In the conventional actuator 50, however, the contact surface between the actuator arm 56 and the molding portion 59 coupling the coil 58a to the actuator arm 56 is simply flat, resulting in a weak coupling strength therebetween. Thus, when vibration is generated at the actuator 50, the molding portion 59 may partially separate from the actuator arm 56. Accordingly, the vibration of the actuator 50 increases and the performance of the magnetic head 51 deteriorates. Also, the molding portion 59 can be detached from the actuator arm 56 by an impact applied when the actuator 50 is manufactured or the hard disk drive is assembled or delivered. As the separation between the molding portion 59 and the actuator arm 56 becomes worse, a resonance frequency of the actuator 50 tends to decrease. When the resonance frequency decreases a range controlled by the servo control system, normal operation of the actuator 50 is not possible. In particular, in the low profile actuator 50, the thickness of the actuator arm 56 is very thin Thus, a contact area between the molding portion 59 and the actuator arm 56 is small so that the above problems can become more severe.
U.S. Pat.
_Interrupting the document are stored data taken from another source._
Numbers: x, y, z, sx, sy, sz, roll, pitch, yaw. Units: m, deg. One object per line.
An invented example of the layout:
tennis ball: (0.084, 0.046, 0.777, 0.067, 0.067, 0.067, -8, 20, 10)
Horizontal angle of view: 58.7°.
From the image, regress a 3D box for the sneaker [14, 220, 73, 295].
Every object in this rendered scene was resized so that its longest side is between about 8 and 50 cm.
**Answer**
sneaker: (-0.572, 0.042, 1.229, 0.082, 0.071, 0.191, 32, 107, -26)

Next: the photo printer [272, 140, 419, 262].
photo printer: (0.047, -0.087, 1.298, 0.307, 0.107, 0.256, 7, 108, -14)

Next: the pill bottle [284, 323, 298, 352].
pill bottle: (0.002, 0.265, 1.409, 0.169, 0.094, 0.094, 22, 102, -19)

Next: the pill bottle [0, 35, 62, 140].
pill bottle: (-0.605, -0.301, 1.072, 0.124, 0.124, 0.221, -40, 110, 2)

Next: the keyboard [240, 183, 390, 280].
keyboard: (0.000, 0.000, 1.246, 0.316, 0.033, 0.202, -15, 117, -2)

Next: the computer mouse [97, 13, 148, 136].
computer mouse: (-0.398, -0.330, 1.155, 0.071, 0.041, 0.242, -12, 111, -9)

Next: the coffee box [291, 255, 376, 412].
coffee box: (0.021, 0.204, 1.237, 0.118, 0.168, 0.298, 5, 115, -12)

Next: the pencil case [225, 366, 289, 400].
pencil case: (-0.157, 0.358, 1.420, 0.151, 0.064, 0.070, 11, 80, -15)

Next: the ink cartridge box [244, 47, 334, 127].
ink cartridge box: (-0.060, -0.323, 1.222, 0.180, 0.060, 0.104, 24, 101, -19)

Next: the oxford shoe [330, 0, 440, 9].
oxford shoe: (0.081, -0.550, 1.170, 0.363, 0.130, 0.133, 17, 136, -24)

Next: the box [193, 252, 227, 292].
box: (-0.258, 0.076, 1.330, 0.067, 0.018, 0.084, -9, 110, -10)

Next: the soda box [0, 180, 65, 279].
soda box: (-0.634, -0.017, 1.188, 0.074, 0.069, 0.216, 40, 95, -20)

No. 5,165,090 discloses a swing type actuator in which a groove is formed at the outer circumferential surface of a coil to increase a bonding strength between the coil and a hold member. However, it is difficult to form a groove at the outer circumferential surface of the coil, which also requires an additional step. This method may be suitable if the hold member is manufactured with thermoplastic resin. However, it is difficult to apply the above method to an arm manufactured with a metal material such as aluminum as described with reference to FIGS. 2 and 3.